◆ Exercise goal ◆
Copy out the data in full, keeping each line exactly as it reads.
╭─ Dataset extract
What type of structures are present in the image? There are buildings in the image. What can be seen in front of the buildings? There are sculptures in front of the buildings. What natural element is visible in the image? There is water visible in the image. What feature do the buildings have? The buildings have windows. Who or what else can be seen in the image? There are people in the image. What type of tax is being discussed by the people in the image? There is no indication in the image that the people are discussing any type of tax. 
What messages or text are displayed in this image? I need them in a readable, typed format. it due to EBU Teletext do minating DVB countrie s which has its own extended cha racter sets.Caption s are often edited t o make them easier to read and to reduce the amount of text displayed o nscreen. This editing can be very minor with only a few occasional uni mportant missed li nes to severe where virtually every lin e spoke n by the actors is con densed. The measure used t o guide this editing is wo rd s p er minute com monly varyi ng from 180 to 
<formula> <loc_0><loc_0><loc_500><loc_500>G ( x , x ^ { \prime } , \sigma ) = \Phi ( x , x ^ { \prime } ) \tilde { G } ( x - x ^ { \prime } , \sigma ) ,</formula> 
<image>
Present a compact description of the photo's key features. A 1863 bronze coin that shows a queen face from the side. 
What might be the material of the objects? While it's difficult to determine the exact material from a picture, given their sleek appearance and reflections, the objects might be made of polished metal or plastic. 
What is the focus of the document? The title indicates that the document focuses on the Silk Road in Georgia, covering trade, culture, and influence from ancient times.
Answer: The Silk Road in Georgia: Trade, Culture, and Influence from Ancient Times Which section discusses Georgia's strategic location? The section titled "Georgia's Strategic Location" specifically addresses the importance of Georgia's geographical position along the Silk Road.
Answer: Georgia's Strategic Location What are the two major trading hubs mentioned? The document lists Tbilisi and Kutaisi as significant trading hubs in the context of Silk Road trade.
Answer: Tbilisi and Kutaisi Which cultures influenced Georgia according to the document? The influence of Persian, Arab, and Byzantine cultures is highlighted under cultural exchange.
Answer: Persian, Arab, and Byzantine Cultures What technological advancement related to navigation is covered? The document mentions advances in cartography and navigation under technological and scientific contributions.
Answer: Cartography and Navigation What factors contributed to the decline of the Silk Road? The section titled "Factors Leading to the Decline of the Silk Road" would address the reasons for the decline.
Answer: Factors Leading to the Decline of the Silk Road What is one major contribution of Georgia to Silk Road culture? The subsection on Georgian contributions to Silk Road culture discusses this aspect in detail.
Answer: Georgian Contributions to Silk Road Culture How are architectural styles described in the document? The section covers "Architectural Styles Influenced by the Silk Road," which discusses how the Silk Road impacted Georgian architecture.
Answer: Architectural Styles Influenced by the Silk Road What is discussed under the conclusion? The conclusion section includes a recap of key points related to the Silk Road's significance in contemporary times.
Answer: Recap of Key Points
╰─
◆ Task answer ◆
What type of structures are present in the image? There are buildings in the image. What can be seen in front of the buildings? There are sculptures in front of the buildings. What natural element is visible in the image? There is water visible in the image. What feature do the buildings have? The buildings have windows. Who or what else can be seen in the image? There are people in the image. What type of tax is being discussed by the people in the image? There is no indication in the image that the people are discussing any type of tax. 
What messages or text are displayed in this image? I need them in a readable, typed format. it due to EBU Teletext do minating DVB countrie s which has its own extended cha racter sets.Caption s are often edited t o make them easier to read and to reduce the amount of text displayed o nscreen. This editing can be very minor with only a few occasional uni mportant missed li nes to severe where virtually every lin e spoke n by the actors is con densed. The measure used t o guide this editing is wo rd s p er minute com monly varyi ng from 180 to 
<formula> <loc_0><loc_0><loc_500><loc_500>G ( x , x ^ { \prime } , \sigma ) = \Phi ( x , x ^ { \prime } ) \tilde { G } ( x - x ^ { \prime } , \sigma ) ,</formula> 
<image>
Present a compact description of the photo's key features. A 1863 bronze coin that shows a queen face from the side. 
What might be the material of the objects? While it's difficult to determine the exact material from a picture, given their sleek appearance and reflections, the objects might be made of polished metal or plastic. 
What is the focus of the document? The title indicates that the document focuses on the Silk Road in Georgia, covering trade, culture, and influence from ancient times.
Answer: The Silk Road in Georgia: Trade, Culture, and Influence from Ancient Times Which section discusses Georgia's strategic location? The section titled "Georgia's Strategic Location" specifically addresses the importance of Georgia's geographical position along the Silk Road.
Answer: Georgia's Strategic Location What are the two major trading hubs mentioned? The document lists Tbilisi and Kutaisi as significant trading hubs in the context of Silk Road trade.
Answer: Tbilisi and Kutaisi Which cultures influenced Georgia according to the document? The influence of Persian, Arab, and Byzantine cultures is highlighted under cultural exchange.
Answer: Persian, Arab, and Byzantine Cultures What technological advancement related to navigation is covered? The document mentions advances in cartography and navigation under technological and scientific contributions.
Answer: Cartography and Navigation What factors contributed to the decline of the Silk Road? The section titled "Factors Leading to the Decline of the Silk Road" would address the reasons for the decline.
Answer: Factors Leading to the Decline of the Silk Road What is one major contribution of Georgia to Silk Road culture? The subsection on Georgian contributions to Silk Road culture discusses this aspect in detail.
Answer: Georgian Contributions to Silk Road Culture How are architectural styles described in the document? The section covers "Architectural Styles Influenced by the Silk Road," which discusses how the Silk Road impacted Georgian architecture.
Answer: Architectural Styles Influenced by the Silk Road What is discussed under the conclusion? The conclusion section includes a recap of key points related to the Silk Road's significance in contemporary times.
Answer: Recap of Key Points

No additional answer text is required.